In a tight-knit bunch, they left the chaos of the dressing rooms and headed out.
The first thing that Pausert saw was that the vatch had exceeded its mandate. The bunch of people shooting at them should not have been able to fire anything at all, since their heads had been doused in luminous lime-green paint. The vatchlet must have raided the Petey B's main store, not just the little props-room cupboard.
But the Nanites, it seemed, didn't need human eyes to see well enough to shoot. A blaster bolt seared above them, hitting another strut, bringing down a large banner.
"They're between us and the Thunderbird," said Hulik, drawing her own elegant little blaster from an outfit that Pausert would have thought couldn't hide a toothpick. She started returning the fire.
Another paint-head tried a flanking shot. His paint-soaked blaster exploded, just as the Leewit gave a shattering whistle. Whether it was the paint or the whistle that caused that was a matter for later academic discussion.
Goth narrowed her eyes and looked intently at a surviving speaker-bank above another group of painted heads. It began, slowly, to totter, as an already off-balance pile will when an extra wedge is teleported under its base. Moments later, tumbling tons of electronic speakers were hurtling down on the painted heads.
Another group found they'd made a mistake with their target. Timblay folded neatly, avoiding the blaster fire with a contortionist's skill, and started shooting back with a Blythe rifle.
"Keep going towards the Thunderbird," said Sedmon. "The other Sedmons are controlling her computer system remotely. They activated blaster tracking. Whatever you do, Hulik, don't fire again."

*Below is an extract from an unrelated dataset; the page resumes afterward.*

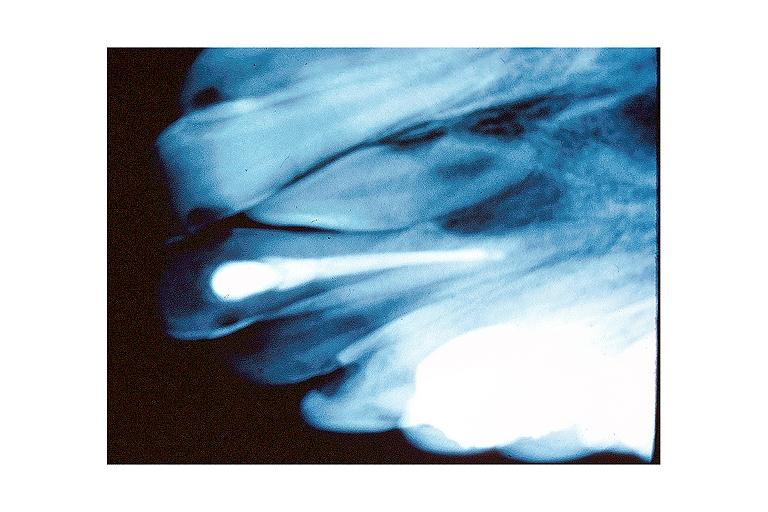s sarcoidosis present?
Answer the question using a single word or phrase. No

Blaster tracking meant that the Thunderbird's weapons systems responded with automatic ship-fire to any active weapon in the vicinity. Pausert could only hope that the Petey B's own defenses didn't get manned. He had a feeling there wouldn't be much left of the old showboat if the Thunderbird really cut loose.
A trio of painted heads appeared from behind a tumble of flats. Pul bit one of them as the captain cold-cocked another. A flying paint-pot materialized in the face of the third attacker and did for him.
In the background, the Thunderbird's guns vaporized steel and a Nanite-carrier. The Nanites didn't seem to have realized yet that firing immediately made them a target. It suddenly occurred to Pausert that while the Nanites were clearly able to think, the diffuse form of their intelligence made them relatively slow witted.
They had no sense of macrocosmic scale, clearly enough! The Nanites themselves were micrometers in size, and didn't seem to be able to gauge proportions properly in their human hosts. Mannicholo and Master Himbo came charging through, mounted on pair of fanderbags—and several of the Nanite-carriers raced up to stop them. With the pancake-flat results you'd expect.
The tide had turned. Still, the Nanites kept shooting—and being vaporized almost instantly by the Thunderbird's deadly guns every time they did. They seemed incapable of learning the lesson.
* * *
Within minutes, it was no longer a case of retreating to the Thunderbird. It was a case of mopping up.
But as the sun came up over Yin Bauh district 323, one thing was plain.
When the next shift came off-duty, there would be no show.